CSCI 157: UNIX Power Utilities and Shell Programming
Laboratory Assignment 15
Since there are so many people in this class that are
already very knowledgeable about Unix and Shell Programming we might as
well take advantage of it.
- Lab 15 is worth 20 points and is to be completed throughout the semester.
- Each student will present 4 things to everyone in lab.
- Each presentation is worth 5 points
- Each presentation will be around 5 minutes long.
- Each presentation should be done on a different day so that we get them spread out some
- We can make exceptions to this previous rule
- If someone wants to explain something really in-depth we
can count it as more than one presentation (maybe), it has to really
stand out though
- Depending on the presentation you can do it at the board or from your desk in lab, whatever...
- If it is a script or something you should make it world readable in your HOME directory or put it on the web, or both
- Presentations are to be informal
- The content of each presentation should be something interesting related to this course
- If you are newer to Unix just do a little research to find something you find interesting
- You can not cover the same thing or exact same material as what was covered by someone else.
- As long as you go for at least 5 minutes and are prepared you will get FULL credit
- Everyone in class will pay attention to your presentation or
they will recieve a zero on this lab regardless if they have done
presentations or not.
- Hopefully most presentations will be hands-on 'ish so we can try out what you show us.
- Examples include "introductions" or "cool" tricks for any of the following:
- sed
- with sed
you can find one of those pages with handy one-liners, figure out the
syntax and then show us the one liners and explain what each part does.
- awk
- perl
- Even just explaining some part of perl like
- regular expressions
- or how the implicit variable works
- or all the different ways you can compare and manipulate strings
- or how to write a really simple cgi
- or how to make an http request
- or file I/O
- or even console I/O
- regular expressions
- Features of the zsh that aren't found in other shells
- Useful Features in ksh, csh, tcsh, etc that are different in other shells
- csh is a great example
- I image most everyone in lab can not tell you how a for loop works in csh
- In next to no time at all you can be the csh control flow expert in lab [that was pep-talk]
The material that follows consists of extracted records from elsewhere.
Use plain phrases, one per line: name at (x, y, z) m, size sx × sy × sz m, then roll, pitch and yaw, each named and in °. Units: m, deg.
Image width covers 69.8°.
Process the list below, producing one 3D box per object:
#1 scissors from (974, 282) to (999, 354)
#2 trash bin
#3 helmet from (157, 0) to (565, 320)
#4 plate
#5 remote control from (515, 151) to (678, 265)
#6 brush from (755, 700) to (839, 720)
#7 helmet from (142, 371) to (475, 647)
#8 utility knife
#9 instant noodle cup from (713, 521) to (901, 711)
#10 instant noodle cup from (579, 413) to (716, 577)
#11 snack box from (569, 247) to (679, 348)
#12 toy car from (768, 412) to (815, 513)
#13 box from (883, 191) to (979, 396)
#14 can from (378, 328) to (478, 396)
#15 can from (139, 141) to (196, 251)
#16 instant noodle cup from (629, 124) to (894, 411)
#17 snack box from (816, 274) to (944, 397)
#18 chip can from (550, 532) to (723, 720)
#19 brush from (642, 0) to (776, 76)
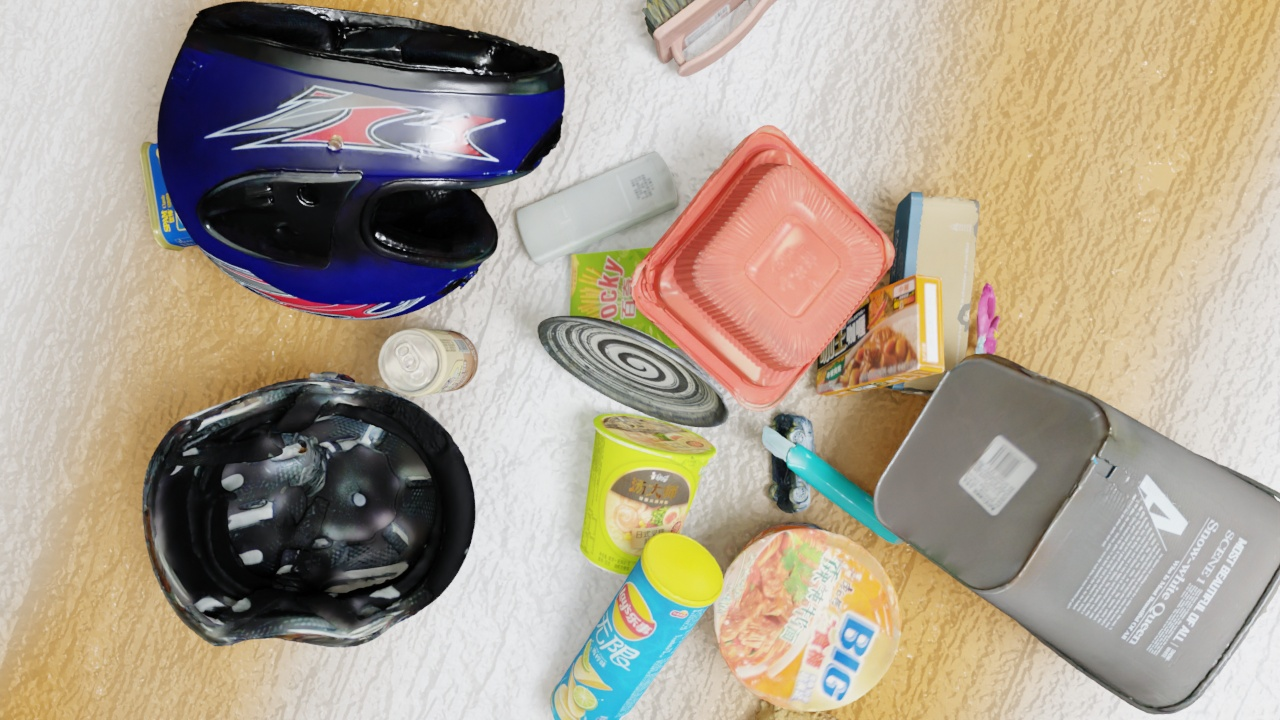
scissors at (0.284, -0.016, 0.769) m, size 0.017 × 0.137 × 0.074 m, roll 2°, pitch 120°, yaw 32°
trash bin at (0.321, 0.119, 0.691) m, size 0.219 × 0.199 × 0.199 m, roll 29°, pitch 94°, yaw -29°
helmet at (-0.226, -0.153, 0.762) m, size 0.315 × 0.246 × 0.241 m, roll 9°, pitch 119°, yaw 2°
plate at (-0.005, 0.005, 0.781) m, size 0.179 × 0.180 × 0.024 m, roll 23°, pitch 70°, yaw 4°
remote control at (-0.040, -0.140, 0.846) m, size 0.150 × 0.021 × 0.058 m, roll -22°, pitch 70°, yaw 5°
brush at (0.216, 0.352, 0.819) m, size 0.255 × 0.046 × 0.083 m, roll 3°, pitch 88°, yaw 11°
helmet at (-0.278, 0.126, 0.812) m, size 0.274 × 0.157 × 0.230 m, roll -11°, pitch 93°, yaw -4°
utility knife at (0.175, 0.112, 0.814) m, size 0.182 × 0.013 × 0.029 m, roll 37°, pitch 78°, yaw -15°
instant noodle cup at (0.139, 0.209, 0.795) m, size 0.151 × 0.111 × 0.151 m, roll 0°, pitch 91°, yaw 5°
instant noodle cup at (-0.001, 0.123, 0.815) m, size 0.112 × 0.111 × 0.123 m, roll 15°, pitch 100°, yaw 5°
snack box at (-0.007, -0.053, 0.798) m, size 0.157 × 0.026 × 0.086 m, roll 4°, pitch 91°, yaw 50°
toy car at (0.138, 0.093, 0.830) m, size 0.034 × 0.043 × 0.090 m, roll 1°, pitch 86°, yaw -28°
box at (0.248, -0.061, 0.793) m, size 0.061 × 0.089 × 0.184 m, roll 3°, pitch 89°, yaw 6°
can at (-0.187, 0.001, 0.820) m, size 0.058 × 0.116 × 0.058 m, roll 0°, pitch 91°, yaw 5°
can at (-0.414, -0.161, 0.869) m, size 0.083 × 0.057 × 0.102 m, roll -8°, pitch 91°, yaw 3°
instant noodle cup at (0.102, -0.070, 0.710) m, size 0.164 × 0.079 × 0.188 m, roll 40°, pitch 86°, yaw -12°
snack box at (0.195, -0.016, 0.762) m, size 0.026 × 0.154 × 0.075 m, roll 6°, pitch 79°, yaw -18°
chip can at (-0.008, 0.242, 0.786) m, size 0.071 × 0.071 × 0.211 m, roll 32°, pitch 122°, yaw 4°
brush at (0.075, -0.320, 0.817) m, size 0.146 × 0.063 × 0.073 m, roll -36°, pitch 84°, yaw 3°

- Why bash sucks and we should all really be using tcsh or ksh or ...?
- Using wget, basic usage, crawling a website with it, and other features
- Show the class a script you wrote outside of class to solve some problem
- vim
- customizations that we can't live without
- using multiple buffers for cutting and pasting
- features that help with C programming
- How to create vim or emacs macros, or functions or whatever and give examples of a useful one or two
- Give us the scoop on one of those "other" editors like joe, or nano
- Introduction to a scripting language such as tcl, expect, or python
- Examples
- Data types
- Control Structures
- SSH features, for example:
- demo/lead us through in class how we can all use a port forwarded through ssh to another machine as a proxy for our web browser
- how to use key authentication
- explain all of the different algorithm options, why use blowfish or 3DES or whatever
- find all of the SSH clients for windows you can (like
PuTTY and whatever other ones there are) and give us a review on what
features they have or which is the best, etc.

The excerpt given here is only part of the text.